Image Courtesy of St. Phillips College
Bio Courtesy of georgeyepes.com
Photo by
Dr. Ricardo Romo
Born in a cross-fire hurricane beneath a meteor shower over Baja, then raised and educated in the crucibles of East Los Angeles, the meteoric double-barrel life of Painter/Muralist, George Yepes, continues to burn beyond the Los Angeles art world. Formed by a hard street life of poverty, and gang violence; this painter not only survived the gang violence of East L.A.’s toughest neighborhoods but he has also risen above and beyond the Chicano genre. Yepes’ oeuvre incorporates art and architecture, ethereally beautiful women, world history, religion and literature presented in powerfully charged atmospheres.
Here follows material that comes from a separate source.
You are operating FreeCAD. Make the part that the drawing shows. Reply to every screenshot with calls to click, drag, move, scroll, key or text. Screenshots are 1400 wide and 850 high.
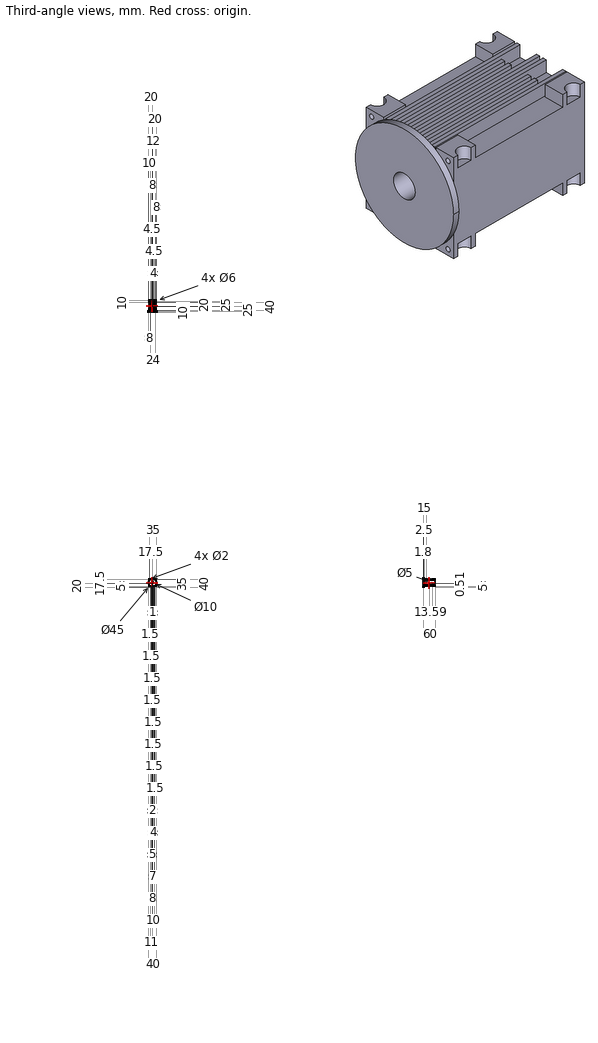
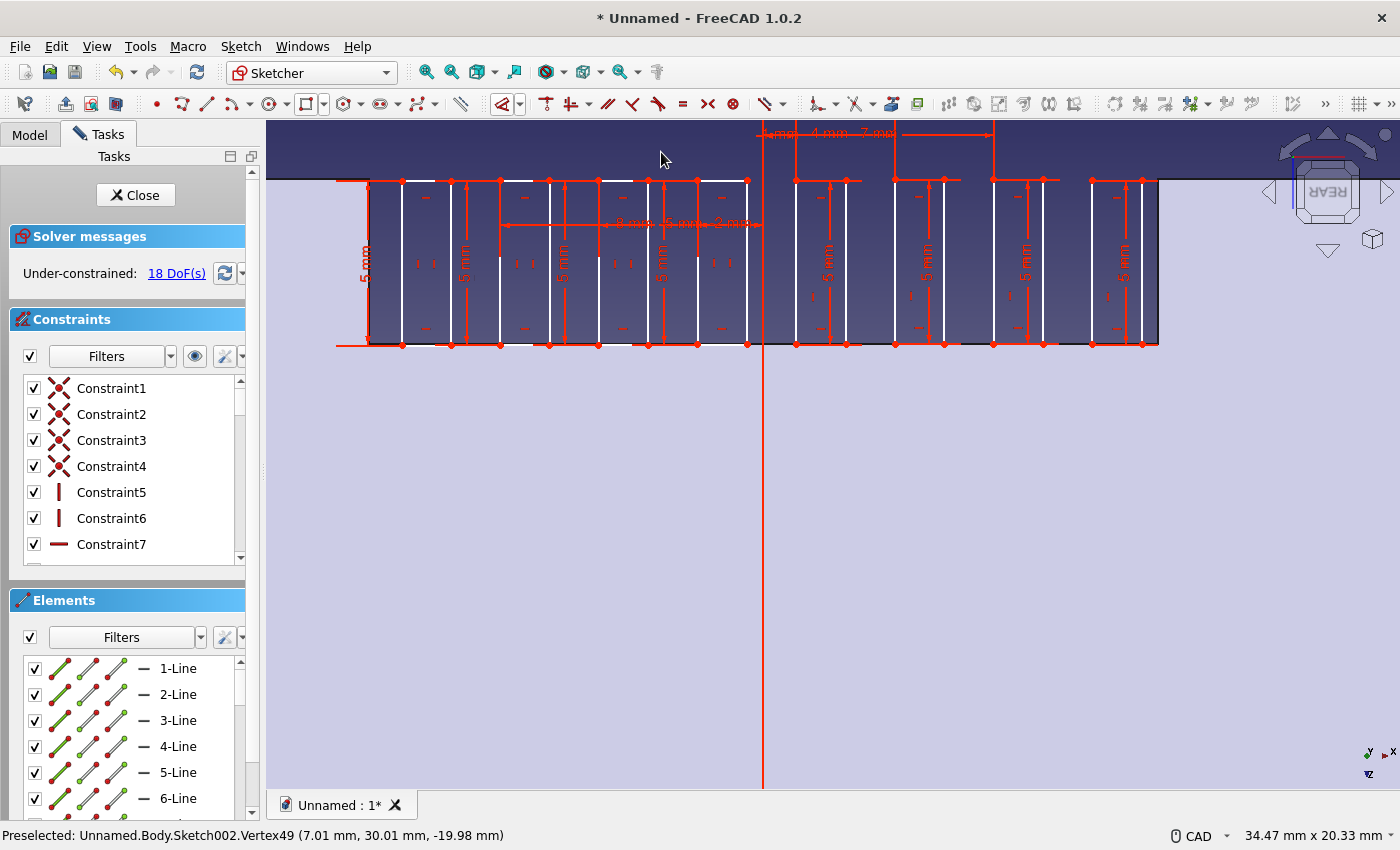
click(417, 346)
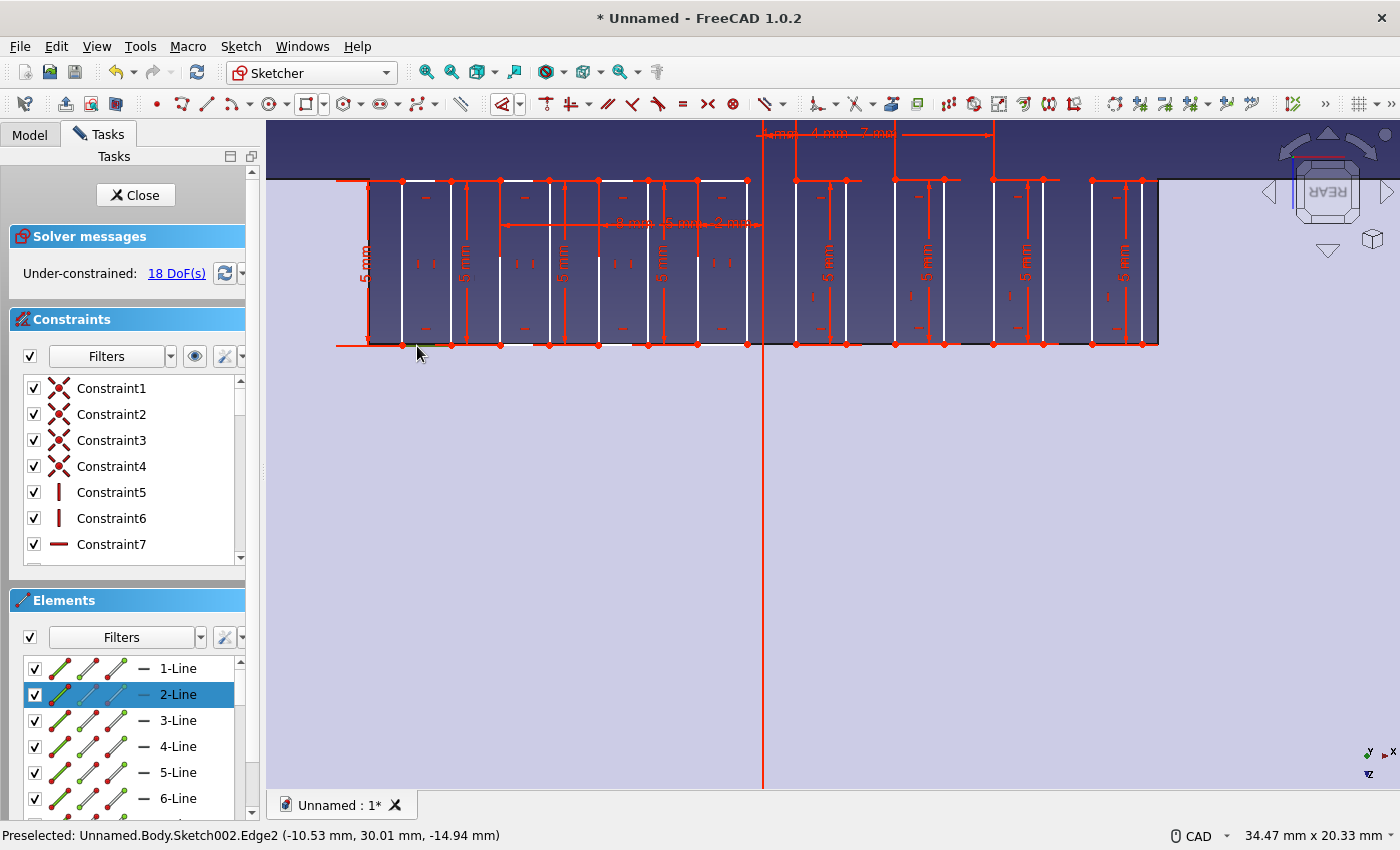
click(520, 104)

Self-taught, with a refined renaissance bent; from religious iconography to erotica George Yepes brings a confidence and knowledge of his craft that calls to mind the great Velasquez and Titian, and the great Mexican Muralists. Imbued with a contemporary street sense, his paintings and murals combine the best of both worlds where bravado meets classical standards.
George Yepes was born a Painter. At three years old he was already completing detailed and accurate sketches. At ten years old he began to oil paint. At twelve years old he became a gangster, and at fourteen he became a US citizen. From First grade through Eleventh grade he was elected class president, his Senior year he was elected Student Body President. At eighteen years old he became a muralist.
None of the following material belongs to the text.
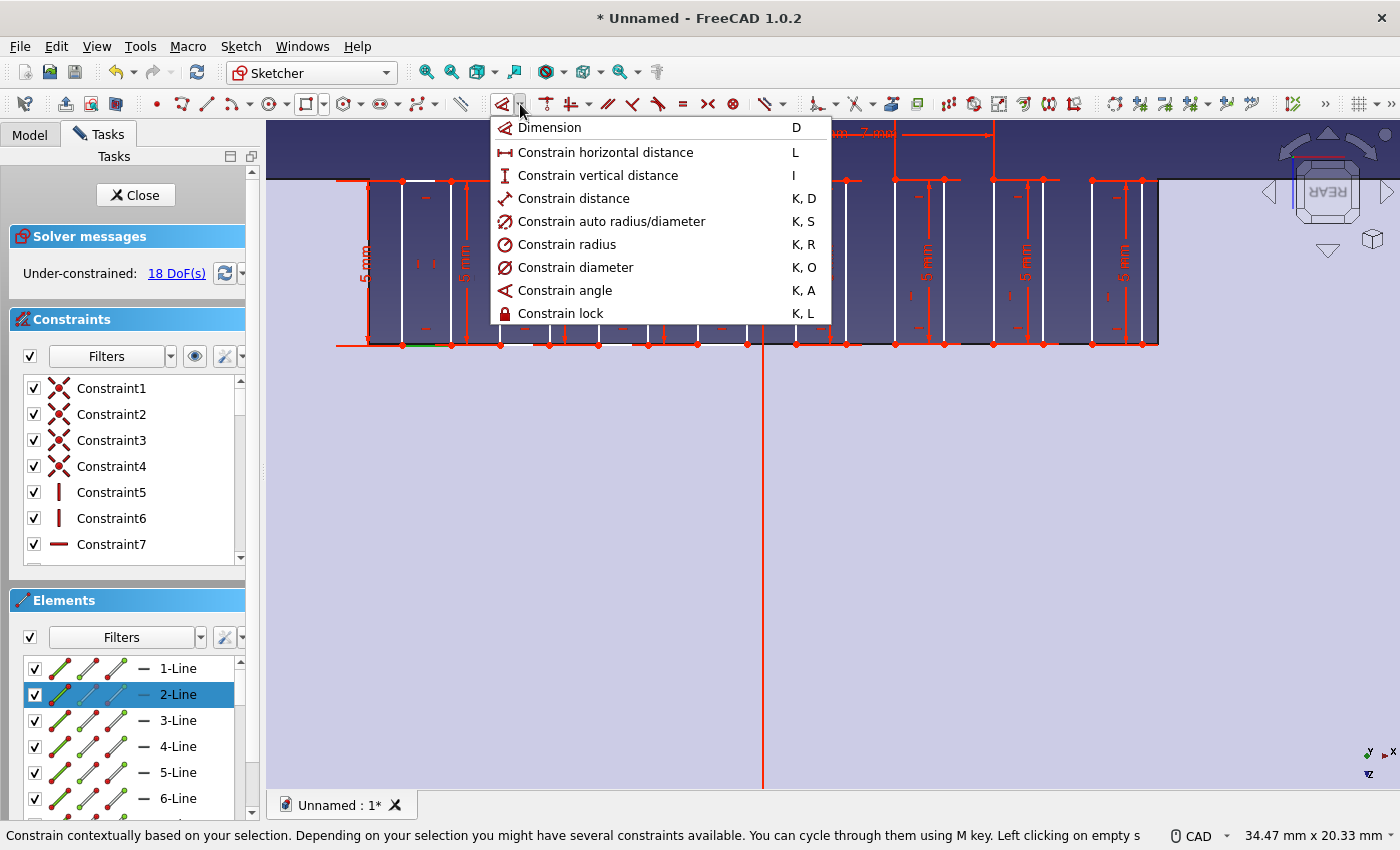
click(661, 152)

Called “The City’s Preeminent Badass Muralist” (L.A. New Times), and named a “Treasure of Los Angeles” in 1997 by Mayor Richard Riordan and the Los Angeles City Council, painter George Yepes takes no prisoners. In 1992, George Yepes was named “El Fuego de Los Angeles” (The Fire of Los Angeles) by Councilman Richard Alatorre and the Los Angeles City Council. In 1993, for the Los Angeles Subway project, George Yepes was partnered with Ricardo Legorreta, the AIA Gold Medal architect from Mexico City, as the duo “Lead Urban Design Team” in charge of designing seven subway stations beneath East Los Angeles. In 1997, the State Superintendent of Public Instruction named George Yepes to the State Task Force on the Visual and Performing Arts for the California Department of Education. In 1998, the California Governor and Secretary of State hand picked George Yepes to design and paint a seventy-foot vaulted ceiling mural depicting “The Promise of California” at the State Capital in Sacramento. In 1999, the Los Angeles City Council unanimously adopted a resolution commending George Yepes for establishing a training program that assisted teachers to effectively implement State Learning Standards for the Visual Arts.
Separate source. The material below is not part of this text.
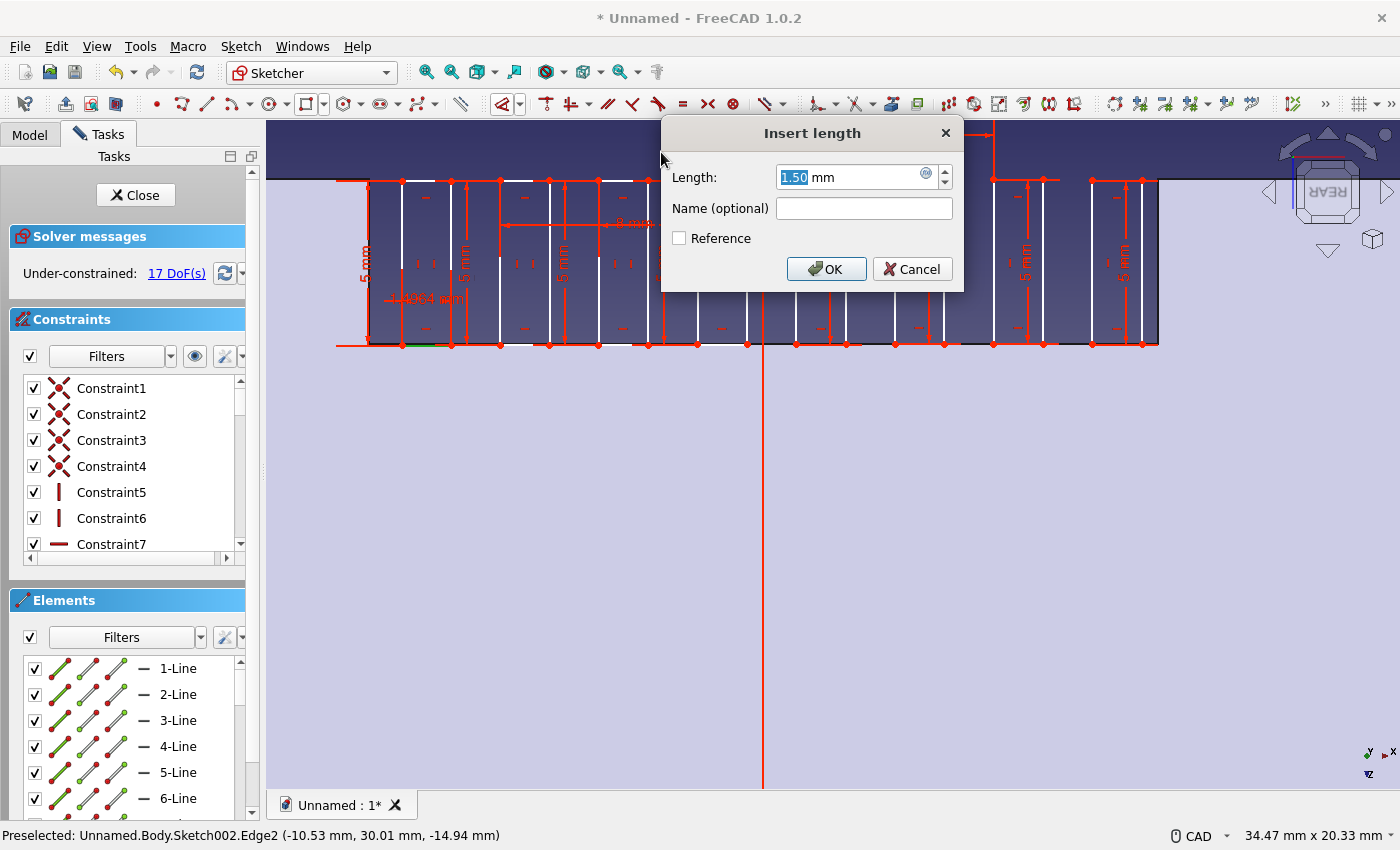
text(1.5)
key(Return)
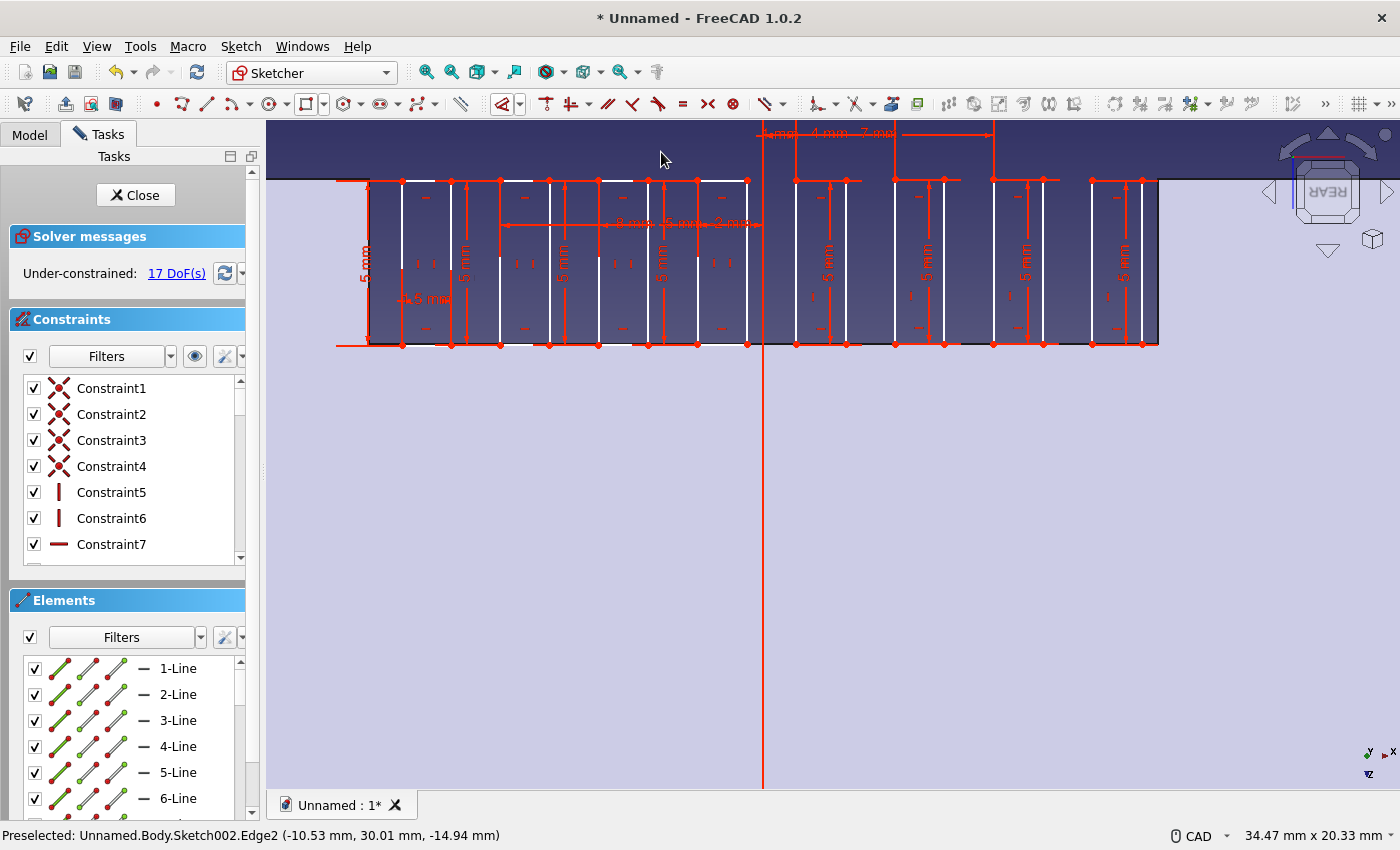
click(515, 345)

During the 1970’s, as one of the more prolific painters of the Los Angeles Chicano Mural Movement, Yepes gained his reputation as a ferocious painter when he became a founding partner in the top mural groups of East Los Angeles. In 1974, George Yepes was a founding member of the Public Art Center, El Centro de Arte Publico, Concilio de Arte Popular, and Corazon Art Productions. In 1977, Yepes painted the 40 foot tall by 60 foot wide mural for Cesar Chavez and the 1977 Farmworkers Convention in Fresno, California. From 1979 through 1985, as an original founding partner of the mural group “East Los Streetscapers”, Yepes painted murals at the famous Estrada Courts and Ramona Gardens Housing Projects including: “Dreams of Flight”, “Ghosts of the Barrio”, “Read Between the Lines”, and the four panoramic “Moonscapes” murals in Culver City. Over the course of six years, as a member of East Los Streetscapers, Yepes co-designed and painted 28 iconic murals that are regarded by historians as prime examples of the Los Angeles Chicano Mural Movement.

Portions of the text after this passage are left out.